Eleanor of Anjou (August 1289 – 9 August 1341) was Queen of Sicily as the wife of King Frederick II of Sicily. She was a member of the Capetian House of Anjou by birth.

She was the third daughter of King Charles II of Naples and Mary of Hungary.

Eleanor was firstly married in 1299 to Philippe II de Toucy, son of Narjot de Toucy, Lord of Laterza, and Lucia of Tripoli. Their marriage was dissolved on 17 January 1300 by Pope Boniface VIII because they were related and had not sought permission from the pope to marry.

On 17 May 1302, Eleanor married secondly to the King of Sicily, Frederick II. Her father and her new husband had been engaged in a war for ascendancy in the Mediterranean Sea and especially Sicily and the Mezzogiorno. The marriage was part of a diplomatic effort to establish peaceful relations which would lead to the Peace of Caltabellotta (19 August 1302).
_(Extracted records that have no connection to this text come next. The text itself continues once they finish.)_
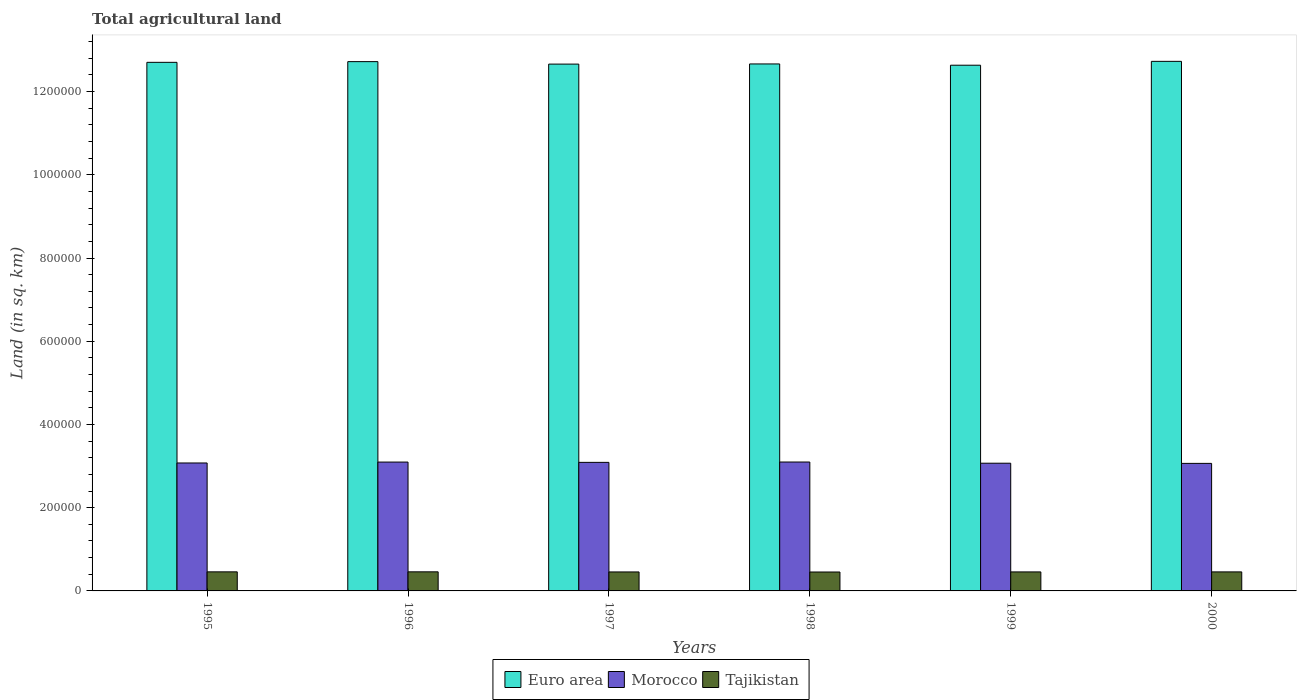How many groups of bars are there?
Provide a succinct answer. 6. Are the number of bars per tick equal to the number of legend labels?
Your answer should be very brief. Yes. Are the number of bars on each tick of the X-axis equal?
Your answer should be compact. Yes. How many bars are there on the 1st tick from the left?
Make the answer very short. 3. In how many cases, is the number of bars for a given year not equal to the number of legend labels?
Give a very brief answer. 0. What is the total agricultural land in Morocco in 2000?
Give a very brief answer. 3.07e+05. Across all years, what is the maximum total agricultural land in Tajikistan?
Make the answer very short. 4.58e+04. Across all years, what is the minimum total agricultural land in Morocco?
Your response must be concise. 3.07e+05. In which year was the total agricultural land in Tajikistan maximum?
Your response must be concise. 1996. In which year was the total agricultural land in Morocco minimum?
Give a very brief answer. 2000. What is the total total agricultural land in Morocco in the graph?
Ensure brevity in your answer.  1.85e+06. What is the difference between the total agricultural land in Morocco in 1995 and that in 1996?
Your answer should be very brief. -2170. What is the difference between the total agricultural land in Euro area in 1999 and the total agricultural land in Morocco in 1995?
Offer a very short reply. 9.56e+05. What is the average total agricultural land in Morocco per year?
Offer a terse response. 3.08e+05. In the year 1998, what is the difference between the total agricultural land in Euro area and total agricultural land in Tajikistan?
Ensure brevity in your answer.  1.22e+06. In how many years, is the total agricultural land in Morocco greater than 680000 sq.km?
Provide a short and direct response. 0. What is the ratio of the total agricultural land in Tajikistan in 1995 to that in 1996?
Keep it short and to the point. 1. Is the difference between the total agricultural land in Euro area in 1995 and 1999 greater than the difference between the total agricultural land in Tajikistan in 1995 and 1999?
Provide a succinct answer. Yes. What is the difference between the highest and the second highest total agricultural land in Euro area?
Keep it short and to the point. 653. What is the difference between the highest and the lowest total agricultural land in Euro area?
Offer a terse response. 9261. In how many years, is the total agricultural land in Morocco greater than the average total agricultural land in Morocco taken over all years?
Give a very brief answer. 3. What does the 3rd bar from the left in 1998 represents?
Offer a terse response. Tajikistan. Is it the case that in every year, the sum of the total agricultural land in Tajikistan and total agricultural land in Morocco is greater than the total agricultural land in Euro area?
Your answer should be compact. No. How many bars are there?
Provide a short and direct response. 18. How many years are there in the graph?
Give a very brief answer. 6. Does the graph contain grids?
Keep it short and to the point. No. How many legend labels are there?
Make the answer very short. 3. How are the legend labels stacked?
Provide a succinct answer. Horizontal. What is the title of the graph?
Your response must be concise. Total agricultural land. What is the label or title of the X-axis?
Provide a short and direct response. Years. What is the label or title of the Y-axis?
Your response must be concise. Land (in sq. km). What is the Land (in sq. km) in Euro area in 1995?
Your answer should be very brief. 1.27e+06. What is the Land (in sq. km) of Morocco in 1995?
Provide a short and direct response. 3.07e+05. What is the Land (in sq. km) in Tajikistan in 1995?
Keep it short and to the point. 4.58e+04. What is the Land (in sq. km) in Euro area in 1996?
Your answer should be very brief. 1.27e+06. What is the Land (in sq. km) of Morocco in 1996?
Offer a terse response. 3.10e+05. What is the Land (in sq. km) of Tajikistan in 1996?
Keep it short and to the point. 4.58e+04. What is the Land (in sq. km) of Euro area in 1997?
Your answer should be very brief. 1.27e+06. What is the Land (in sq. km) of Morocco in 1997?
Provide a short and direct response. 3.09e+05. What is the Land (in sq. km) in Tajikistan in 1997?
Your answer should be very brief. 4.56e+04. What is the Land (in sq. km) of Euro area in 1998?
Provide a succinct answer. 1.27e+06. What is the Land (in sq. km) of Morocco in 1998?
Your answer should be very brief. 3.10e+05. What is the Land (in sq. km) in Tajikistan in 1998?
Make the answer very short. 4.55e+04. What is the Land (in sq. km) in Euro area in 1999?
Your response must be concise. 1.26e+06. What is the Land (in sq. km) in Morocco in 1999?
Provide a succinct answer. 3.07e+05. What is the Land (in sq. km) of Tajikistan in 1999?
Provide a succinct answer. 4.57e+04. What is the Land (in sq. km) of Euro area in 2000?
Offer a terse response. 1.27e+06. What is the Land (in sq. km) in Morocco in 2000?
Ensure brevity in your answer.  3.07e+05. What is the Land (in sq. km) in Tajikistan in 2000?
Your answer should be very brief. 4.57e+04. Across all years, what is the maximum Land (in sq. km) in Euro area?
Provide a short and direct response. 1.27e+06. Across all years, what is the maximum Land (in sq. km) of Morocco?
Your answer should be very brief. 3.10e+05. Across all years, what is the maximum Land (in sq. km) of Tajikistan?
Offer a very short reply. 4.58e+04. Across all years, what is the minimum Land (in sq. km) of Euro area?
Ensure brevity in your answer.  1.26e+06. Across all years, what is the minimum Land (in sq. km) of Morocco?
Give a very brief answer. 3.07e+05. Across all years, what is the minimum Land (in sq. km) of Tajikistan?
Keep it short and to the point. 4.55e+04. What is the total Land (in sq. km) in Euro area in the graph?
Provide a short and direct response. 7.61e+06. What is the total Land (in sq. km) of Morocco in the graph?
Make the answer very short. 1.85e+06. What is the total Land (in sq. km) of Tajikistan in the graph?
Provide a succinct answer. 2.74e+05. What is the difference between the Land (in sq. km) of Euro area in 1995 and that in 1996?
Your response must be concise. -1692. What is the difference between the Land (in sq. km) in Morocco in 1995 and that in 1996?
Your answer should be compact. -2170. What is the difference between the Land (in sq. km) of Euro area in 1995 and that in 1997?
Ensure brevity in your answer.  4275. What is the difference between the Land (in sq. km) in Morocco in 1995 and that in 1997?
Your answer should be very brief. -1460. What is the difference between the Land (in sq. km) in Euro area in 1995 and that in 1998?
Keep it short and to the point. 3881. What is the difference between the Land (in sq. km) of Morocco in 1995 and that in 1998?
Keep it short and to the point. -2270. What is the difference between the Land (in sq. km) of Tajikistan in 1995 and that in 1998?
Provide a succinct answer. 350. What is the difference between the Land (in sq. km) in Euro area in 1995 and that in 1999?
Your answer should be compact. 6916. What is the difference between the Land (in sq. km) of Morocco in 1995 and that in 1999?
Give a very brief answer. 560. What is the difference between the Land (in sq. km) in Tajikistan in 1995 and that in 1999?
Make the answer very short. 140. What is the difference between the Land (in sq. km) in Euro area in 1995 and that in 2000?
Give a very brief answer. -2345. What is the difference between the Land (in sq. km) in Morocco in 1995 and that in 2000?
Your response must be concise. 970. What is the difference between the Land (in sq. km) of Euro area in 1996 and that in 1997?
Ensure brevity in your answer.  5967. What is the difference between the Land (in sq. km) in Morocco in 1996 and that in 1997?
Offer a terse response. 710. What is the difference between the Land (in sq. km) of Tajikistan in 1996 and that in 1997?
Give a very brief answer. 230. What is the difference between the Land (in sq. km) of Euro area in 1996 and that in 1998?
Provide a short and direct response. 5573. What is the difference between the Land (in sq. km) in Morocco in 1996 and that in 1998?
Make the answer very short. -100. What is the difference between the Land (in sq. km) in Tajikistan in 1996 and that in 1998?
Your answer should be compact. 380. What is the difference between the Land (in sq. km) in Euro area in 1996 and that in 1999?
Offer a terse response. 8608. What is the difference between the Land (in sq. km) in Morocco in 1996 and that in 1999?
Your answer should be compact. 2730. What is the difference between the Land (in sq. km) in Tajikistan in 1996 and that in 1999?
Provide a short and direct response. 170. What is the difference between the Land (in sq. km) in Euro area in 1996 and that in 2000?
Your response must be concise. -653. What is the difference between the Land (in sq. km) of Morocco in 1996 and that in 2000?
Provide a short and direct response. 3140. What is the difference between the Land (in sq. km) in Tajikistan in 1996 and that in 2000?
Keep it short and to the point. 120. What is the difference between the Land (in sq. km) in Euro area in 1997 and that in 1998?
Your response must be concise. -394. What is the difference between the Land (in sq. km) of Morocco in 1997 and that in 1998?
Your answer should be very brief. -810. What is the difference between the Land (in sq. km) of Tajikistan in 1997 and that in 1998?
Your answer should be compact. 150. What is the difference between the Land (in sq. km) of Euro area in 1997 and that in 1999?
Your response must be concise. 2641. What is the difference between the Land (in sq. km) in Morocco in 1997 and that in 1999?
Your answer should be very brief. 2020. What is the difference between the Land (in sq. km) in Tajikistan in 1997 and that in 1999?
Offer a very short reply. -60. What is the difference between the Land (in sq. km) in Euro area in 1997 and that in 2000?
Make the answer very short. -6620. What is the difference between the Land (in sq. km) of Morocco in 1997 and that in 2000?
Ensure brevity in your answer.  2430. What is the difference between the Land (in sq. km) in Tajikistan in 1997 and that in 2000?
Your answer should be very brief. -110. What is the difference between the Land (in sq. km) in Euro area in 1998 and that in 1999?
Keep it short and to the point. 3035. What is the difference between the Land (in sq. km) in Morocco in 1998 and that in 1999?
Keep it short and to the point. 2830. What is the difference between the Land (in sq. km) in Tajikistan in 1998 and that in 1999?
Your answer should be very brief. -210. What is the difference between the Land (in sq. km) of Euro area in 1998 and that in 2000?
Offer a very short reply. -6226. What is the difference between the Land (in sq. km) of Morocco in 1998 and that in 2000?
Make the answer very short. 3240. What is the difference between the Land (in sq. km) of Tajikistan in 1998 and that in 2000?
Provide a short and direct response. -260. What is the difference between the Land (in sq. km) of Euro area in 1999 and that in 2000?
Offer a very short reply. -9261. What is the difference between the Land (in sq. km) in Morocco in 1999 and that in 2000?
Keep it short and to the point. 410. What is the difference between the Land (in sq. km) of Tajikistan in 1999 and that in 2000?
Provide a short and direct response. -50. What is the difference between the Land (in sq. km) of Euro area in 1995 and the Land (in sq. km) of Morocco in 1996?
Make the answer very short. 9.61e+05. What is the difference between the Land (in sq. km) in Euro area in 1995 and the Land (in sq. km) in Tajikistan in 1996?
Give a very brief answer. 1.22e+06. What is the difference between the Land (in sq. km) in Morocco in 1995 and the Land (in sq. km) in Tajikistan in 1996?
Keep it short and to the point. 2.62e+05. What is the difference between the Land (in sq. km) in Euro area in 1995 and the Land (in sq. km) in Morocco in 1997?
Offer a very short reply. 9.61e+05. What is the difference between the Land (in sq. km) in Euro area in 1995 and the Land (in sq. km) in Tajikistan in 1997?
Ensure brevity in your answer.  1.22e+06. What is the difference between the Land (in sq. km) in Morocco in 1995 and the Land (in sq. km) in Tajikistan in 1997?
Your answer should be compact. 2.62e+05. What is the difference between the Land (in sq. km) of Euro area in 1995 and the Land (in sq. km) of Morocco in 1998?
Give a very brief answer. 9.61e+05. What is the difference between the Land (in sq. km) in Euro area in 1995 and the Land (in sq. km) in Tajikistan in 1998?
Your answer should be very brief. 1.22e+06. What is the difference between the Land (in sq. km) in Morocco in 1995 and the Land (in sq. km) in Tajikistan in 1998?
Your response must be concise. 2.62e+05. What is the difference between the Land (in sq. km) in Euro area in 1995 and the Land (in sq. km) in Morocco in 1999?
Provide a short and direct response. 9.63e+05. What is the difference between the Land (in sq. km) in Euro area in 1995 and the Land (in sq. km) in Tajikistan in 1999?
Make the answer very short. 1.22e+06. What is the difference between the Land (in sq. km) of Morocco in 1995 and the Land (in sq. km) of Tajikistan in 1999?
Your answer should be very brief. 2.62e+05. What is the difference between the Land (in sq. km) of Euro area in 1995 and the Land (in sq. km) of Morocco in 2000?
Keep it short and to the point. 9.64e+05. What is the difference between the Land (in sq. km) of Euro area in 1995 and the Land (in sq. km) of Tajikistan in 2000?
Provide a succinct answer. 1.22e+06. What is the difference between the Land (in sq. km) of Morocco in 1995 and the Land (in sq. km) of Tajikistan in 2000?
Offer a very short reply. 2.62e+05. What is the difference between the Land (in sq. km) in Euro area in 1996 and the Land (in sq. km) in Morocco in 1997?
Ensure brevity in your answer.  9.63e+05. What is the difference between the Land (in sq. km) of Euro area in 1996 and the Land (in sq. km) of Tajikistan in 1997?
Your response must be concise. 1.23e+06. What is the difference between the Land (in sq. km) of Morocco in 1996 and the Land (in sq. km) of Tajikistan in 1997?
Keep it short and to the point. 2.64e+05. What is the difference between the Land (in sq. km) in Euro area in 1996 and the Land (in sq. km) in Morocco in 1998?
Your response must be concise. 9.62e+05. What is the difference between the Land (in sq. km) in Euro area in 1996 and the Land (in sq. km) in Tajikistan in 1998?
Offer a very short reply. 1.23e+06. What is the difference between the Land (in sq. km) in Morocco in 1996 and the Land (in sq. km) in Tajikistan in 1998?
Offer a very short reply. 2.64e+05. What is the difference between the Land (in sq. km) in Euro area in 1996 and the Land (in sq. km) in Morocco in 1999?
Make the answer very short. 9.65e+05. What is the difference between the Land (in sq. km) of Euro area in 1996 and the Land (in sq. km) of Tajikistan in 1999?
Keep it short and to the point. 1.23e+06. What is the difference between the Land (in sq. km) of Morocco in 1996 and the Land (in sq. km) of Tajikistan in 1999?
Give a very brief answer. 2.64e+05. What is the difference between the Land (in sq. km) of Euro area in 1996 and the Land (in sq. km) of Morocco in 2000?
Provide a succinct answer. 9.66e+05. What is the difference between the Land (in sq. km) in Euro area in 1996 and the Land (in sq. km) in Tajikistan in 2000?
Keep it short and to the point. 1.23e+06. What is the difference between the Land (in sq. km) in Morocco in 1996 and the Land (in sq. km) in Tajikistan in 2000?
Your answer should be very brief. 2.64e+05. What is the difference between the Land (in sq. km) of Euro area in 1997 and the Land (in sq. km) of Morocco in 1998?
Offer a very short reply. 9.56e+05. What is the difference between the Land (in sq. km) in Euro area in 1997 and the Land (in sq. km) in Tajikistan in 1998?
Offer a very short reply. 1.22e+06. What is the difference between the Land (in sq. km) in Morocco in 1997 and the Land (in sq. km) in Tajikistan in 1998?
Provide a succinct answer. 2.63e+05. What is the difference between the Land (in sq. km) of Euro area in 1997 and the Land (in sq. km) of Morocco in 1999?
Your answer should be compact. 9.59e+05. What is the difference between the Land (in sq. km) in Euro area in 1997 and the Land (in sq. km) in Tajikistan in 1999?
Your response must be concise. 1.22e+06. What is the difference between the Land (in sq. km) of Morocco in 1997 and the Land (in sq. km) of Tajikistan in 1999?
Offer a terse response. 2.63e+05. What is the difference between the Land (in sq. km) in Euro area in 1997 and the Land (in sq. km) in Morocco in 2000?
Your answer should be compact. 9.60e+05. What is the difference between the Land (in sq. km) in Euro area in 1997 and the Land (in sq. km) in Tajikistan in 2000?
Your answer should be compact. 1.22e+06. What is the difference between the Land (in sq. km) in Morocco in 1997 and the Land (in sq. km) in Tajikistan in 2000?
Offer a terse response. 2.63e+05. What is the difference between the Land (in sq. km) of Euro area in 1998 and the Land (in sq. km) of Morocco in 1999?
Your answer should be compact. 9.60e+05. What is the difference between the Land (in sq. km) in Euro area in 1998 and the Land (in sq. km) in Tajikistan in 1999?
Provide a short and direct response. 1.22e+06. What is the difference between the Land (in sq. km) of Morocco in 1998 and the Land (in sq. km) of Tajikistan in 1999?
Your response must be concise. 2.64e+05. What is the difference between the Land (in sq. km) in Euro area in 1998 and the Land (in sq. km) in Morocco in 2000?
Offer a very short reply. 9.60e+05. What is the difference between the Land (in sq. km) in Euro area in 1998 and the Land (in sq. km) in Tajikistan in 2000?
Give a very brief answer. 1.22e+06. What is the difference between the Land (in sq. km) of Morocco in 1998 and the Land (in sq. km) of Tajikistan in 2000?
Provide a short and direct response. 2.64e+05. What is the difference between the Land (in sq. km) in Euro area in 1999 and the Land (in sq. km) in Morocco in 2000?
Keep it short and to the point. 9.57e+05. What is the difference between the Land (in sq. km) of Euro area in 1999 and the Land (in sq. km) of Tajikistan in 2000?
Offer a terse response. 1.22e+06. What is the difference between the Land (in sq. km) in Morocco in 1999 and the Land (in sq. km) in Tajikistan in 2000?
Provide a short and direct response. 2.61e+05. What is the average Land (in sq. km) in Euro area per year?
Make the answer very short. 1.27e+06. What is the average Land (in sq. km) of Morocco per year?
Offer a terse response. 3.08e+05. What is the average Land (in sq. km) in Tajikistan per year?
Offer a very short reply. 4.57e+04. In the year 1995, what is the difference between the Land (in sq. km) of Euro area and Land (in sq. km) of Morocco?
Offer a very short reply. 9.63e+05. In the year 1995, what is the difference between the Land (in sq. km) in Euro area and Land (in sq. km) in Tajikistan?
Keep it short and to the point. 1.22e+06. In the year 1995, what is the difference between the Land (in sq. km) in Morocco and Land (in sq. km) in Tajikistan?
Offer a very short reply. 2.62e+05. In the year 1996, what is the difference between the Land (in sq. km) of Euro area and Land (in sq. km) of Morocco?
Offer a very short reply. 9.62e+05. In the year 1996, what is the difference between the Land (in sq. km) of Euro area and Land (in sq. km) of Tajikistan?
Keep it short and to the point. 1.23e+06. In the year 1996, what is the difference between the Land (in sq. km) of Morocco and Land (in sq. km) of Tajikistan?
Your answer should be compact. 2.64e+05. In the year 1997, what is the difference between the Land (in sq. km) of Euro area and Land (in sq. km) of Morocco?
Make the answer very short. 9.57e+05. In the year 1997, what is the difference between the Land (in sq. km) of Euro area and Land (in sq. km) of Tajikistan?
Make the answer very short. 1.22e+06. In the year 1997, what is the difference between the Land (in sq. km) in Morocco and Land (in sq. km) in Tajikistan?
Your answer should be compact. 2.63e+05. In the year 1998, what is the difference between the Land (in sq. km) in Euro area and Land (in sq. km) in Morocco?
Give a very brief answer. 9.57e+05. In the year 1998, what is the difference between the Land (in sq. km) in Euro area and Land (in sq. km) in Tajikistan?
Ensure brevity in your answer.  1.22e+06. In the year 1998, what is the difference between the Land (in sq. km) of Morocco and Land (in sq. km) of Tajikistan?
Offer a very short reply. 2.64e+05. In the year 1999, what is the difference between the Land (in sq. km) of Euro area and Land (in sq. km) of Morocco?
Give a very brief answer. 9.56e+05. In the year 1999, what is the difference between the Land (in sq. km) in Euro area and Land (in sq. km) in Tajikistan?
Your answer should be compact. 1.22e+06. In the year 1999, what is the difference between the Land (in sq. km) of Morocco and Land (in sq. km) of Tajikistan?
Your answer should be very brief. 2.61e+05. In the year 2000, what is the difference between the Land (in sq. km) of Euro area and Land (in sq. km) of Morocco?
Your response must be concise. 9.66e+05. In the year 2000, what is the difference between the Land (in sq. km) in Euro area and Land (in sq. km) in Tajikistan?
Make the answer very short. 1.23e+06. In the year 2000, what is the difference between the Land (in sq. km) of Morocco and Land (in sq. km) of Tajikistan?
Your answer should be very brief. 2.61e+05. What is the ratio of the Land (in sq. km) of Euro area in 1995 to that in 1996?
Your response must be concise. 1. What is the ratio of the Land (in sq. km) of Morocco in 1995 to that in 1996?
Provide a succinct answer. 0.99. What is the ratio of the Land (in sq. km) of Tajikistan in 1995 to that in 1996?
Your answer should be compact. 1. What is the ratio of the Land (in sq. km) of Euro area in 1995 to that in 1997?
Provide a short and direct response. 1. What is the ratio of the Land (in sq. km) of Morocco in 1995 to that in 1997?
Give a very brief answer. 1. What is the ratio of the Land (in sq. km) of Tajikistan in 1995 to that in 1998?
Offer a very short reply. 1.01. What is the ratio of the Land (in sq. km) of Morocco in 1995 to that in 1999?
Offer a very short reply. 1. What is the ratio of the Land (in sq. km) of Tajikistan in 1995 to that in 1999?
Keep it short and to the point. 1. What is the ratio of the Land (in sq. km) of Euro area in 1996 to that in 1997?
Your answer should be very brief. 1. What is the ratio of the Land (in sq. km) of Euro area in 1996 to that in 1998?
Keep it short and to the point. 1. What is the ratio of the Land (in sq. km) in Morocco in 1996 to that in 1998?
Make the answer very short. 1. What is the ratio of the Land (in sq. km) of Tajikistan in 1996 to that in 1998?
Your response must be concise. 1.01. What is the ratio of the Land (in sq. km) of Euro area in 1996 to that in 1999?
Give a very brief answer. 1.01. What is the ratio of the Land (in sq. km) in Morocco in 1996 to that in 1999?
Provide a short and direct response. 1.01. What is the ratio of the Land (in sq. km) of Morocco in 1996 to that in 2000?
Offer a very short reply. 1.01. What is the ratio of the Land (in sq. km) of Tajikistan in 1996 to that in 2000?
Your answer should be very brief. 1. What is the ratio of the Land (in sq. km) of Tajikistan in 1997 to that in 1998?
Provide a short and direct response. 1. What is the ratio of the Land (in sq. km) of Morocco in 1997 to that in 1999?
Offer a very short reply. 1.01. What is the ratio of the Land (in sq. km) of Tajikistan in 1997 to that in 1999?
Make the answer very short. 1. What is the ratio of the Land (in sq. km) of Euro area in 1997 to that in 2000?
Your answer should be very brief. 0.99. What is the ratio of the Land (in sq. km) of Morocco in 1997 to that in 2000?
Make the answer very short. 1.01. What is the ratio of the Land (in sq. km) of Morocco in 1998 to that in 1999?
Your response must be concise. 1.01. What is the ratio of the Land (in sq. km) in Tajikistan in 1998 to that in 1999?
Your answer should be compact. 1. What is the ratio of the Land (in sq. km) in Euro area in 1998 to that in 2000?
Offer a terse response. 1. What is the ratio of the Land (in sq. km) of Morocco in 1998 to that in 2000?
Make the answer very short. 1.01. What is the ratio of the Land (in sq. km) of Euro area in 1999 to that in 2000?
Provide a short and direct response. 0.99. What is the ratio of the Land (in sq. km) in Morocco in 1999 to that in 2000?
Offer a terse response. 1. What is the ratio of the Land (in sq. km) in Tajikistan in 1999 to that in 2000?
Give a very brief answer. 1. What is the difference between the highest and the second highest Land (in sq. km) of Euro area?
Your answer should be very brief. 653. What is the difference between the highest and the lowest Land (in sq. km) of Euro area?
Your answer should be compact. 9261. What is the difference between the highest and the lowest Land (in sq. km) of Morocco?
Your response must be concise. 3240. What is the difference between the highest and the lowest Land (in sq. km) in Tajikistan?
Ensure brevity in your answer.  380.

The peace divided the old Kingdom of Sicily into an island portion and a peninsular portion. The island, called the Kingdom of Trinacria, went to Frederick, who had been ruling it, and the Mezzogiorno, called the Kingdom of Sicily contemporaneously, but called the Kingdom of Naples by modern scholarship, went to Charles II, who had been ruling it. Thus, the peace was formal recognition of an uneasy status quo.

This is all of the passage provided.